- Born: 25 May 1950 (age 76) Yerevan, Armenian SSR, Soviet Union
- Height: 5 ft 5 in (165 cm)

Gymnastics career
- Discipline: Men's artistic gymnastics
- Country represented: Soviet Union
- Medal record
Olympic Games
| Silver medal – second place | 1972 Munich | Team competition |
World Championships
| Silver medal – second place | 1974 Varna | Team competition |

= Edvard Mikaelian =

Soviet Armenian artistic gymnast (born 1950)

Edvard Mikaelian (Էդվարդ Միքայելյան, born 25 May 1950 in Yerevan, Armenian SSR) is a former Soviet Armenian artistic gymnast. He was awarded the Master of Sport of the USSR, International Class title in 1972.

Mikaelian started gymnastics in 1960 under the direction of the honored coach of the Armenian SSR, Leonid Zakharyan.

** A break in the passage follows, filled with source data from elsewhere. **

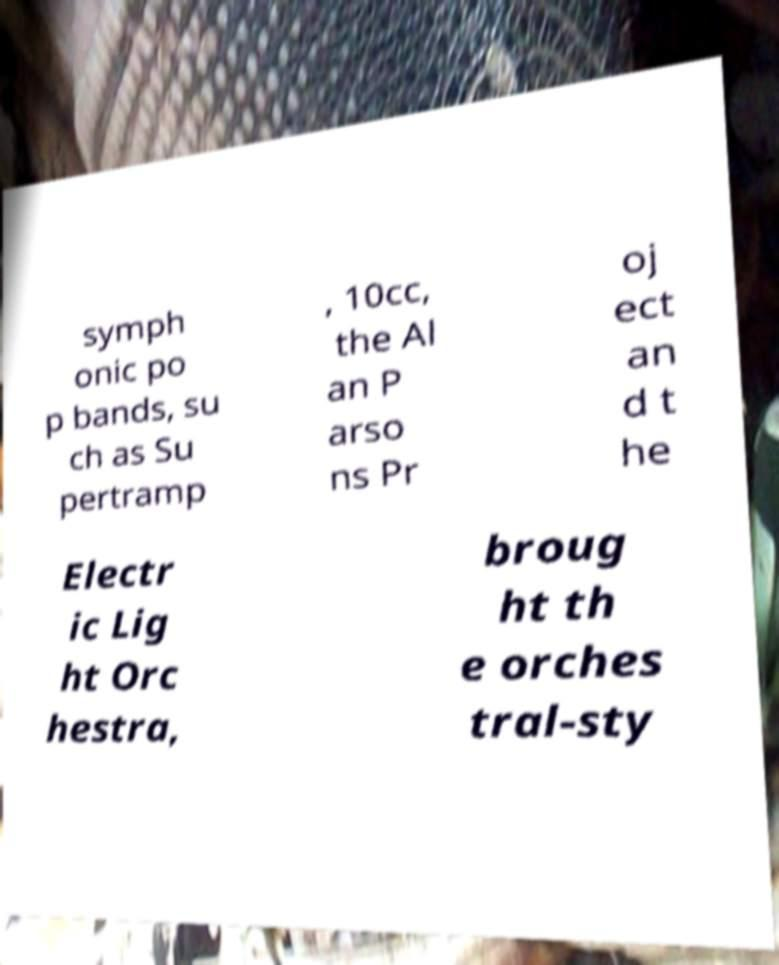Please read and relay the text visible in this image. What does it say? symph onic po p bands, su ch as Su pertramp , 10cc, the Al an P arso ns Pr oj ect an d t he Electr ic Lig ht Orc hestra, broug ht th e orches tral-sty 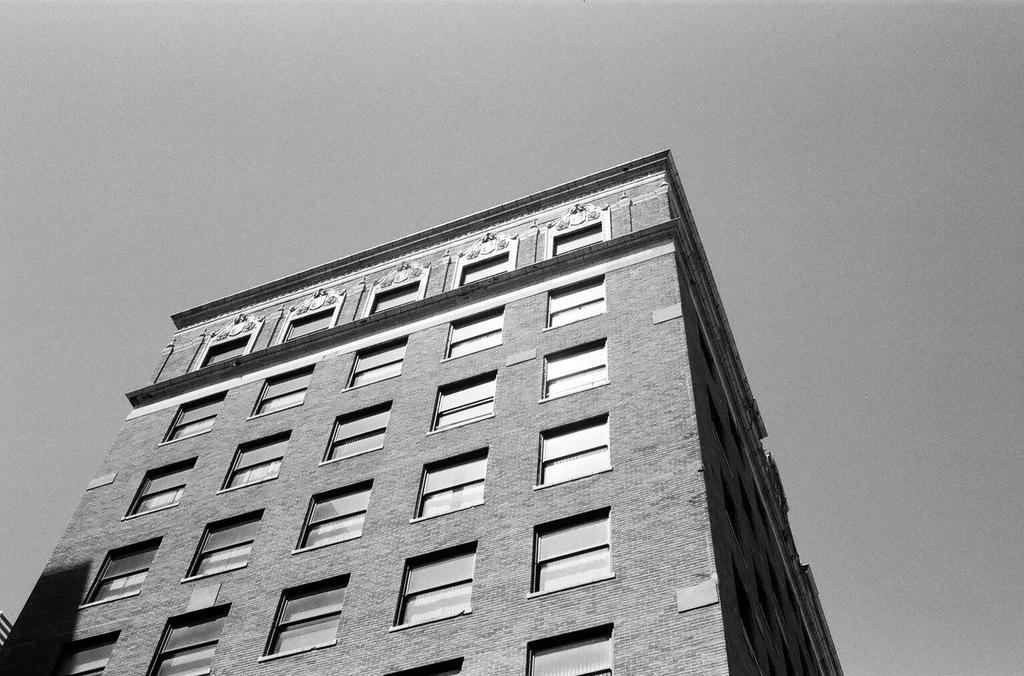What is the color scheme of the image? The image is black and white. What type of structure can be seen in the image? There is a building in the image. What can be seen in the background of the image? The sky is visible in the background of the image. How many brains can be seen hanging from the building in the image? There are no brains visible in the image; it features a building and a black and white color scheme. What type of birds are flying in the sky in the image? There are no birds visible in the image; it only features a building and the sky in the background. 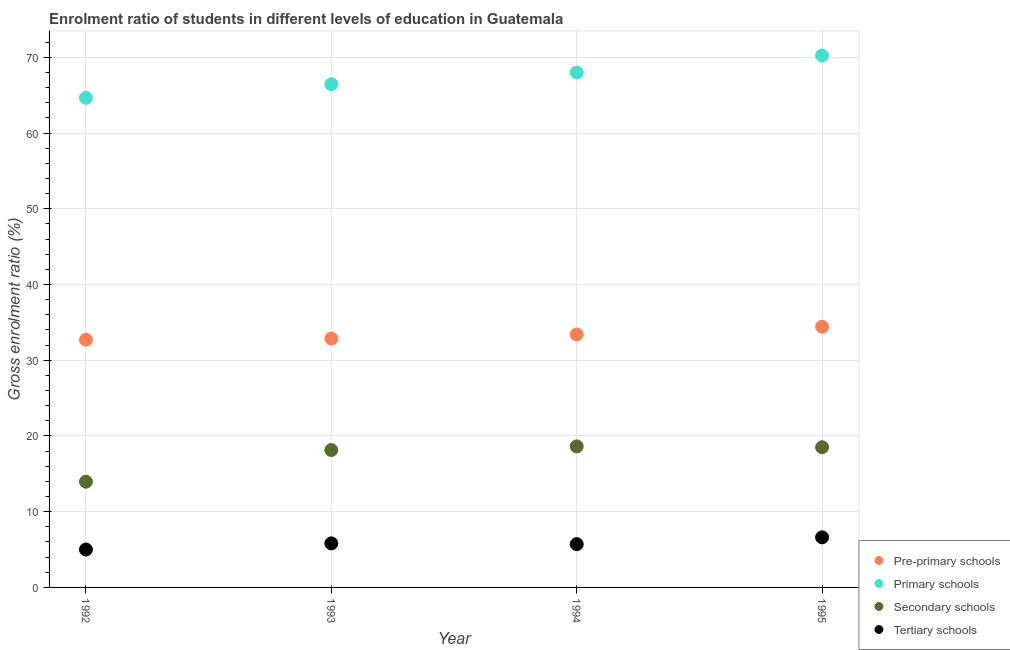Is the number of dotlines equal to the number of legend labels?
Offer a very short reply. Yes. What is the gross enrolment ratio in primary schools in 1995?
Keep it short and to the point. 70.23. Across all years, what is the maximum gross enrolment ratio in pre-primary schools?
Keep it short and to the point. 34.42. Across all years, what is the minimum gross enrolment ratio in primary schools?
Make the answer very short. 64.65. What is the total gross enrolment ratio in primary schools in the graph?
Keep it short and to the point. 269.32. What is the difference between the gross enrolment ratio in tertiary schools in 1992 and that in 1995?
Your answer should be very brief. -1.61. What is the difference between the gross enrolment ratio in pre-primary schools in 1994 and the gross enrolment ratio in tertiary schools in 1995?
Give a very brief answer. 26.79. What is the average gross enrolment ratio in tertiary schools per year?
Keep it short and to the point. 5.79. In the year 1992, what is the difference between the gross enrolment ratio in pre-primary schools and gross enrolment ratio in secondary schools?
Your response must be concise. 18.75. What is the ratio of the gross enrolment ratio in pre-primary schools in 1992 to that in 1994?
Ensure brevity in your answer.  0.98. Is the gross enrolment ratio in primary schools in 1993 less than that in 1995?
Your answer should be very brief. Yes. Is the difference between the gross enrolment ratio in secondary schools in 1992 and 1994 greater than the difference between the gross enrolment ratio in pre-primary schools in 1992 and 1994?
Provide a short and direct response. No. What is the difference between the highest and the second highest gross enrolment ratio in secondary schools?
Ensure brevity in your answer.  0.11. What is the difference between the highest and the lowest gross enrolment ratio in primary schools?
Keep it short and to the point. 5.58. In how many years, is the gross enrolment ratio in pre-primary schools greater than the average gross enrolment ratio in pre-primary schools taken over all years?
Your response must be concise. 2. Is the sum of the gross enrolment ratio in primary schools in 1992 and 1993 greater than the maximum gross enrolment ratio in tertiary schools across all years?
Your answer should be very brief. Yes. Is the gross enrolment ratio in secondary schools strictly less than the gross enrolment ratio in tertiary schools over the years?
Offer a very short reply. No. Are the values on the major ticks of Y-axis written in scientific E-notation?
Offer a very short reply. No. Does the graph contain grids?
Your answer should be very brief. Yes. How many legend labels are there?
Provide a short and direct response. 4. How are the legend labels stacked?
Give a very brief answer. Vertical. What is the title of the graph?
Your response must be concise. Enrolment ratio of students in different levels of education in Guatemala. What is the label or title of the X-axis?
Offer a terse response. Year. What is the Gross enrolment ratio (%) in Pre-primary schools in 1992?
Offer a very short reply. 32.71. What is the Gross enrolment ratio (%) in Primary schools in 1992?
Keep it short and to the point. 64.65. What is the Gross enrolment ratio (%) in Secondary schools in 1992?
Offer a very short reply. 13.96. What is the Gross enrolment ratio (%) of Tertiary schools in 1992?
Make the answer very short. 5. What is the Gross enrolment ratio (%) of Pre-primary schools in 1993?
Ensure brevity in your answer.  32.86. What is the Gross enrolment ratio (%) in Primary schools in 1993?
Keep it short and to the point. 66.44. What is the Gross enrolment ratio (%) in Secondary schools in 1993?
Keep it short and to the point. 18.14. What is the Gross enrolment ratio (%) in Tertiary schools in 1993?
Offer a very short reply. 5.81. What is the Gross enrolment ratio (%) of Pre-primary schools in 1994?
Your answer should be very brief. 33.4. What is the Gross enrolment ratio (%) of Primary schools in 1994?
Provide a short and direct response. 67.99. What is the Gross enrolment ratio (%) in Secondary schools in 1994?
Your response must be concise. 18.62. What is the Gross enrolment ratio (%) of Tertiary schools in 1994?
Your response must be concise. 5.72. What is the Gross enrolment ratio (%) in Pre-primary schools in 1995?
Offer a terse response. 34.42. What is the Gross enrolment ratio (%) in Primary schools in 1995?
Keep it short and to the point. 70.23. What is the Gross enrolment ratio (%) in Secondary schools in 1995?
Offer a very short reply. 18.51. What is the Gross enrolment ratio (%) of Tertiary schools in 1995?
Provide a short and direct response. 6.61. Across all years, what is the maximum Gross enrolment ratio (%) of Pre-primary schools?
Offer a terse response. 34.42. Across all years, what is the maximum Gross enrolment ratio (%) in Primary schools?
Your answer should be very brief. 70.23. Across all years, what is the maximum Gross enrolment ratio (%) of Secondary schools?
Ensure brevity in your answer.  18.62. Across all years, what is the maximum Gross enrolment ratio (%) in Tertiary schools?
Your response must be concise. 6.61. Across all years, what is the minimum Gross enrolment ratio (%) of Pre-primary schools?
Provide a succinct answer. 32.71. Across all years, what is the minimum Gross enrolment ratio (%) of Primary schools?
Your response must be concise. 64.65. Across all years, what is the minimum Gross enrolment ratio (%) in Secondary schools?
Your answer should be compact. 13.96. Across all years, what is the minimum Gross enrolment ratio (%) of Tertiary schools?
Give a very brief answer. 5. What is the total Gross enrolment ratio (%) of Pre-primary schools in the graph?
Your answer should be compact. 133.4. What is the total Gross enrolment ratio (%) in Primary schools in the graph?
Provide a succinct answer. 269.32. What is the total Gross enrolment ratio (%) of Secondary schools in the graph?
Your answer should be compact. 69.24. What is the total Gross enrolment ratio (%) of Tertiary schools in the graph?
Give a very brief answer. 23.15. What is the difference between the Gross enrolment ratio (%) of Pre-primary schools in 1992 and that in 1993?
Give a very brief answer. -0.15. What is the difference between the Gross enrolment ratio (%) of Primary schools in 1992 and that in 1993?
Make the answer very short. -1.79. What is the difference between the Gross enrolment ratio (%) in Secondary schools in 1992 and that in 1993?
Ensure brevity in your answer.  -4.18. What is the difference between the Gross enrolment ratio (%) in Tertiary schools in 1992 and that in 1993?
Give a very brief answer. -0.81. What is the difference between the Gross enrolment ratio (%) of Pre-primary schools in 1992 and that in 1994?
Your answer should be compact. -0.69. What is the difference between the Gross enrolment ratio (%) of Primary schools in 1992 and that in 1994?
Ensure brevity in your answer.  -3.34. What is the difference between the Gross enrolment ratio (%) in Secondary schools in 1992 and that in 1994?
Make the answer very short. -4.66. What is the difference between the Gross enrolment ratio (%) of Tertiary schools in 1992 and that in 1994?
Your answer should be very brief. -0.72. What is the difference between the Gross enrolment ratio (%) in Pre-primary schools in 1992 and that in 1995?
Offer a very short reply. -1.71. What is the difference between the Gross enrolment ratio (%) in Primary schools in 1992 and that in 1995?
Ensure brevity in your answer.  -5.58. What is the difference between the Gross enrolment ratio (%) in Secondary schools in 1992 and that in 1995?
Offer a terse response. -4.55. What is the difference between the Gross enrolment ratio (%) of Tertiary schools in 1992 and that in 1995?
Offer a terse response. -1.61. What is the difference between the Gross enrolment ratio (%) in Pre-primary schools in 1993 and that in 1994?
Offer a very short reply. -0.54. What is the difference between the Gross enrolment ratio (%) in Primary schools in 1993 and that in 1994?
Keep it short and to the point. -1.55. What is the difference between the Gross enrolment ratio (%) in Secondary schools in 1993 and that in 1994?
Ensure brevity in your answer.  -0.48. What is the difference between the Gross enrolment ratio (%) in Tertiary schools in 1993 and that in 1994?
Keep it short and to the point. 0.1. What is the difference between the Gross enrolment ratio (%) in Pre-primary schools in 1993 and that in 1995?
Your answer should be very brief. -1.56. What is the difference between the Gross enrolment ratio (%) in Primary schools in 1993 and that in 1995?
Your answer should be compact. -3.79. What is the difference between the Gross enrolment ratio (%) in Secondary schools in 1993 and that in 1995?
Offer a terse response. -0.37. What is the difference between the Gross enrolment ratio (%) of Tertiary schools in 1993 and that in 1995?
Provide a succinct answer. -0.8. What is the difference between the Gross enrolment ratio (%) in Pre-primary schools in 1994 and that in 1995?
Offer a very short reply. -1.02. What is the difference between the Gross enrolment ratio (%) in Primary schools in 1994 and that in 1995?
Provide a short and direct response. -2.24. What is the difference between the Gross enrolment ratio (%) of Secondary schools in 1994 and that in 1995?
Keep it short and to the point. 0.11. What is the difference between the Gross enrolment ratio (%) of Tertiary schools in 1994 and that in 1995?
Ensure brevity in your answer.  -0.9. What is the difference between the Gross enrolment ratio (%) of Pre-primary schools in 1992 and the Gross enrolment ratio (%) of Primary schools in 1993?
Your response must be concise. -33.73. What is the difference between the Gross enrolment ratio (%) in Pre-primary schools in 1992 and the Gross enrolment ratio (%) in Secondary schools in 1993?
Keep it short and to the point. 14.58. What is the difference between the Gross enrolment ratio (%) in Pre-primary schools in 1992 and the Gross enrolment ratio (%) in Tertiary schools in 1993?
Your answer should be compact. 26.9. What is the difference between the Gross enrolment ratio (%) in Primary schools in 1992 and the Gross enrolment ratio (%) in Secondary schools in 1993?
Provide a succinct answer. 46.51. What is the difference between the Gross enrolment ratio (%) of Primary schools in 1992 and the Gross enrolment ratio (%) of Tertiary schools in 1993?
Your answer should be very brief. 58.84. What is the difference between the Gross enrolment ratio (%) of Secondary schools in 1992 and the Gross enrolment ratio (%) of Tertiary schools in 1993?
Keep it short and to the point. 8.15. What is the difference between the Gross enrolment ratio (%) of Pre-primary schools in 1992 and the Gross enrolment ratio (%) of Primary schools in 1994?
Make the answer very short. -35.28. What is the difference between the Gross enrolment ratio (%) in Pre-primary schools in 1992 and the Gross enrolment ratio (%) in Secondary schools in 1994?
Keep it short and to the point. 14.09. What is the difference between the Gross enrolment ratio (%) of Pre-primary schools in 1992 and the Gross enrolment ratio (%) of Tertiary schools in 1994?
Ensure brevity in your answer.  27. What is the difference between the Gross enrolment ratio (%) of Primary schools in 1992 and the Gross enrolment ratio (%) of Secondary schools in 1994?
Provide a succinct answer. 46.03. What is the difference between the Gross enrolment ratio (%) in Primary schools in 1992 and the Gross enrolment ratio (%) in Tertiary schools in 1994?
Offer a terse response. 58.93. What is the difference between the Gross enrolment ratio (%) of Secondary schools in 1992 and the Gross enrolment ratio (%) of Tertiary schools in 1994?
Make the answer very short. 8.24. What is the difference between the Gross enrolment ratio (%) of Pre-primary schools in 1992 and the Gross enrolment ratio (%) of Primary schools in 1995?
Give a very brief answer. -37.52. What is the difference between the Gross enrolment ratio (%) in Pre-primary schools in 1992 and the Gross enrolment ratio (%) in Secondary schools in 1995?
Offer a very short reply. 14.2. What is the difference between the Gross enrolment ratio (%) of Pre-primary schools in 1992 and the Gross enrolment ratio (%) of Tertiary schools in 1995?
Your answer should be compact. 26.1. What is the difference between the Gross enrolment ratio (%) of Primary schools in 1992 and the Gross enrolment ratio (%) of Secondary schools in 1995?
Make the answer very short. 46.14. What is the difference between the Gross enrolment ratio (%) of Primary schools in 1992 and the Gross enrolment ratio (%) of Tertiary schools in 1995?
Your response must be concise. 58.04. What is the difference between the Gross enrolment ratio (%) of Secondary schools in 1992 and the Gross enrolment ratio (%) of Tertiary schools in 1995?
Provide a short and direct response. 7.35. What is the difference between the Gross enrolment ratio (%) of Pre-primary schools in 1993 and the Gross enrolment ratio (%) of Primary schools in 1994?
Make the answer very short. -35.13. What is the difference between the Gross enrolment ratio (%) in Pre-primary schools in 1993 and the Gross enrolment ratio (%) in Secondary schools in 1994?
Your answer should be very brief. 14.24. What is the difference between the Gross enrolment ratio (%) of Pre-primary schools in 1993 and the Gross enrolment ratio (%) of Tertiary schools in 1994?
Make the answer very short. 27.14. What is the difference between the Gross enrolment ratio (%) of Primary schools in 1993 and the Gross enrolment ratio (%) of Secondary schools in 1994?
Make the answer very short. 47.82. What is the difference between the Gross enrolment ratio (%) of Primary schools in 1993 and the Gross enrolment ratio (%) of Tertiary schools in 1994?
Your response must be concise. 60.73. What is the difference between the Gross enrolment ratio (%) of Secondary schools in 1993 and the Gross enrolment ratio (%) of Tertiary schools in 1994?
Provide a succinct answer. 12.42. What is the difference between the Gross enrolment ratio (%) of Pre-primary schools in 1993 and the Gross enrolment ratio (%) of Primary schools in 1995?
Your answer should be very brief. -37.37. What is the difference between the Gross enrolment ratio (%) in Pre-primary schools in 1993 and the Gross enrolment ratio (%) in Secondary schools in 1995?
Give a very brief answer. 14.35. What is the difference between the Gross enrolment ratio (%) of Pre-primary schools in 1993 and the Gross enrolment ratio (%) of Tertiary schools in 1995?
Your response must be concise. 26.25. What is the difference between the Gross enrolment ratio (%) in Primary schools in 1993 and the Gross enrolment ratio (%) in Secondary schools in 1995?
Keep it short and to the point. 47.93. What is the difference between the Gross enrolment ratio (%) in Primary schools in 1993 and the Gross enrolment ratio (%) in Tertiary schools in 1995?
Keep it short and to the point. 59.83. What is the difference between the Gross enrolment ratio (%) in Secondary schools in 1993 and the Gross enrolment ratio (%) in Tertiary schools in 1995?
Your answer should be very brief. 11.53. What is the difference between the Gross enrolment ratio (%) in Pre-primary schools in 1994 and the Gross enrolment ratio (%) in Primary schools in 1995?
Provide a short and direct response. -36.83. What is the difference between the Gross enrolment ratio (%) in Pre-primary schools in 1994 and the Gross enrolment ratio (%) in Secondary schools in 1995?
Offer a very short reply. 14.89. What is the difference between the Gross enrolment ratio (%) of Pre-primary schools in 1994 and the Gross enrolment ratio (%) of Tertiary schools in 1995?
Provide a succinct answer. 26.79. What is the difference between the Gross enrolment ratio (%) of Primary schools in 1994 and the Gross enrolment ratio (%) of Secondary schools in 1995?
Ensure brevity in your answer.  49.48. What is the difference between the Gross enrolment ratio (%) in Primary schools in 1994 and the Gross enrolment ratio (%) in Tertiary schools in 1995?
Your answer should be very brief. 61.38. What is the difference between the Gross enrolment ratio (%) of Secondary schools in 1994 and the Gross enrolment ratio (%) of Tertiary schools in 1995?
Ensure brevity in your answer.  12.01. What is the average Gross enrolment ratio (%) in Pre-primary schools per year?
Provide a short and direct response. 33.35. What is the average Gross enrolment ratio (%) in Primary schools per year?
Your response must be concise. 67.33. What is the average Gross enrolment ratio (%) in Secondary schools per year?
Provide a succinct answer. 17.31. What is the average Gross enrolment ratio (%) in Tertiary schools per year?
Offer a terse response. 5.79. In the year 1992, what is the difference between the Gross enrolment ratio (%) in Pre-primary schools and Gross enrolment ratio (%) in Primary schools?
Offer a very short reply. -31.94. In the year 1992, what is the difference between the Gross enrolment ratio (%) in Pre-primary schools and Gross enrolment ratio (%) in Secondary schools?
Offer a terse response. 18.75. In the year 1992, what is the difference between the Gross enrolment ratio (%) in Pre-primary schools and Gross enrolment ratio (%) in Tertiary schools?
Make the answer very short. 27.71. In the year 1992, what is the difference between the Gross enrolment ratio (%) in Primary schools and Gross enrolment ratio (%) in Secondary schools?
Give a very brief answer. 50.69. In the year 1992, what is the difference between the Gross enrolment ratio (%) of Primary schools and Gross enrolment ratio (%) of Tertiary schools?
Provide a short and direct response. 59.65. In the year 1992, what is the difference between the Gross enrolment ratio (%) in Secondary schools and Gross enrolment ratio (%) in Tertiary schools?
Your answer should be very brief. 8.96. In the year 1993, what is the difference between the Gross enrolment ratio (%) of Pre-primary schools and Gross enrolment ratio (%) of Primary schools?
Offer a very short reply. -33.58. In the year 1993, what is the difference between the Gross enrolment ratio (%) in Pre-primary schools and Gross enrolment ratio (%) in Secondary schools?
Your answer should be compact. 14.72. In the year 1993, what is the difference between the Gross enrolment ratio (%) of Pre-primary schools and Gross enrolment ratio (%) of Tertiary schools?
Keep it short and to the point. 27.05. In the year 1993, what is the difference between the Gross enrolment ratio (%) of Primary schools and Gross enrolment ratio (%) of Secondary schools?
Give a very brief answer. 48.3. In the year 1993, what is the difference between the Gross enrolment ratio (%) of Primary schools and Gross enrolment ratio (%) of Tertiary schools?
Provide a succinct answer. 60.63. In the year 1993, what is the difference between the Gross enrolment ratio (%) in Secondary schools and Gross enrolment ratio (%) in Tertiary schools?
Your answer should be very brief. 12.33. In the year 1994, what is the difference between the Gross enrolment ratio (%) in Pre-primary schools and Gross enrolment ratio (%) in Primary schools?
Your answer should be very brief. -34.59. In the year 1994, what is the difference between the Gross enrolment ratio (%) in Pre-primary schools and Gross enrolment ratio (%) in Secondary schools?
Ensure brevity in your answer.  14.78. In the year 1994, what is the difference between the Gross enrolment ratio (%) of Pre-primary schools and Gross enrolment ratio (%) of Tertiary schools?
Keep it short and to the point. 27.68. In the year 1994, what is the difference between the Gross enrolment ratio (%) in Primary schools and Gross enrolment ratio (%) in Secondary schools?
Give a very brief answer. 49.37. In the year 1994, what is the difference between the Gross enrolment ratio (%) of Primary schools and Gross enrolment ratio (%) of Tertiary schools?
Your response must be concise. 62.27. In the year 1994, what is the difference between the Gross enrolment ratio (%) in Secondary schools and Gross enrolment ratio (%) in Tertiary schools?
Ensure brevity in your answer.  12.91. In the year 1995, what is the difference between the Gross enrolment ratio (%) in Pre-primary schools and Gross enrolment ratio (%) in Primary schools?
Give a very brief answer. -35.81. In the year 1995, what is the difference between the Gross enrolment ratio (%) of Pre-primary schools and Gross enrolment ratio (%) of Secondary schools?
Your response must be concise. 15.91. In the year 1995, what is the difference between the Gross enrolment ratio (%) of Pre-primary schools and Gross enrolment ratio (%) of Tertiary schools?
Your response must be concise. 27.81. In the year 1995, what is the difference between the Gross enrolment ratio (%) of Primary schools and Gross enrolment ratio (%) of Secondary schools?
Give a very brief answer. 51.72. In the year 1995, what is the difference between the Gross enrolment ratio (%) in Primary schools and Gross enrolment ratio (%) in Tertiary schools?
Ensure brevity in your answer.  63.62. In the year 1995, what is the difference between the Gross enrolment ratio (%) in Secondary schools and Gross enrolment ratio (%) in Tertiary schools?
Provide a short and direct response. 11.9. What is the ratio of the Gross enrolment ratio (%) of Primary schools in 1992 to that in 1993?
Give a very brief answer. 0.97. What is the ratio of the Gross enrolment ratio (%) of Secondary schools in 1992 to that in 1993?
Provide a succinct answer. 0.77. What is the ratio of the Gross enrolment ratio (%) in Tertiary schools in 1992 to that in 1993?
Ensure brevity in your answer.  0.86. What is the ratio of the Gross enrolment ratio (%) in Pre-primary schools in 1992 to that in 1994?
Your response must be concise. 0.98. What is the ratio of the Gross enrolment ratio (%) of Primary schools in 1992 to that in 1994?
Provide a succinct answer. 0.95. What is the ratio of the Gross enrolment ratio (%) in Secondary schools in 1992 to that in 1994?
Make the answer very short. 0.75. What is the ratio of the Gross enrolment ratio (%) of Tertiary schools in 1992 to that in 1994?
Keep it short and to the point. 0.87. What is the ratio of the Gross enrolment ratio (%) of Pre-primary schools in 1992 to that in 1995?
Your answer should be compact. 0.95. What is the ratio of the Gross enrolment ratio (%) of Primary schools in 1992 to that in 1995?
Your response must be concise. 0.92. What is the ratio of the Gross enrolment ratio (%) of Secondary schools in 1992 to that in 1995?
Make the answer very short. 0.75. What is the ratio of the Gross enrolment ratio (%) of Tertiary schools in 1992 to that in 1995?
Keep it short and to the point. 0.76. What is the ratio of the Gross enrolment ratio (%) in Pre-primary schools in 1993 to that in 1994?
Keep it short and to the point. 0.98. What is the ratio of the Gross enrolment ratio (%) of Primary schools in 1993 to that in 1994?
Offer a very short reply. 0.98. What is the ratio of the Gross enrolment ratio (%) in Tertiary schools in 1993 to that in 1994?
Ensure brevity in your answer.  1.02. What is the ratio of the Gross enrolment ratio (%) in Pre-primary schools in 1993 to that in 1995?
Your answer should be very brief. 0.95. What is the ratio of the Gross enrolment ratio (%) in Primary schools in 1993 to that in 1995?
Keep it short and to the point. 0.95. What is the ratio of the Gross enrolment ratio (%) in Secondary schools in 1993 to that in 1995?
Ensure brevity in your answer.  0.98. What is the ratio of the Gross enrolment ratio (%) of Tertiary schools in 1993 to that in 1995?
Give a very brief answer. 0.88. What is the ratio of the Gross enrolment ratio (%) of Pre-primary schools in 1994 to that in 1995?
Give a very brief answer. 0.97. What is the ratio of the Gross enrolment ratio (%) of Primary schools in 1994 to that in 1995?
Your response must be concise. 0.97. What is the ratio of the Gross enrolment ratio (%) of Tertiary schools in 1994 to that in 1995?
Your answer should be very brief. 0.86. What is the difference between the highest and the second highest Gross enrolment ratio (%) in Pre-primary schools?
Offer a terse response. 1.02. What is the difference between the highest and the second highest Gross enrolment ratio (%) in Primary schools?
Make the answer very short. 2.24. What is the difference between the highest and the second highest Gross enrolment ratio (%) of Secondary schools?
Provide a succinct answer. 0.11. What is the difference between the highest and the second highest Gross enrolment ratio (%) of Tertiary schools?
Your answer should be compact. 0.8. What is the difference between the highest and the lowest Gross enrolment ratio (%) in Pre-primary schools?
Make the answer very short. 1.71. What is the difference between the highest and the lowest Gross enrolment ratio (%) of Primary schools?
Your answer should be very brief. 5.58. What is the difference between the highest and the lowest Gross enrolment ratio (%) in Secondary schools?
Keep it short and to the point. 4.66. What is the difference between the highest and the lowest Gross enrolment ratio (%) of Tertiary schools?
Offer a very short reply. 1.61.

He was a member of the USSR national gymnastics team from 1967 to 1974. During that time, Mikaelian competed at the 1972 Summer Olympics in Munich. He participated in every artistic gymnastics event and was a member of the silver medal-winning team in the Team All-Around. He also competed at the 1974 World Artistic Gymnastics Championships in Varna, where the Soviet team once again won a silver medal. In 1976, he completed his career.

Mikaelian later engaged in coaching. From 1993 to 1994, he was the head coach of the Armenian national gymnastics team.

==Personal life==
Edvard's younger brother, Ruben, was also a gymnast who became a USSR Champion on the pommel horse in 1975.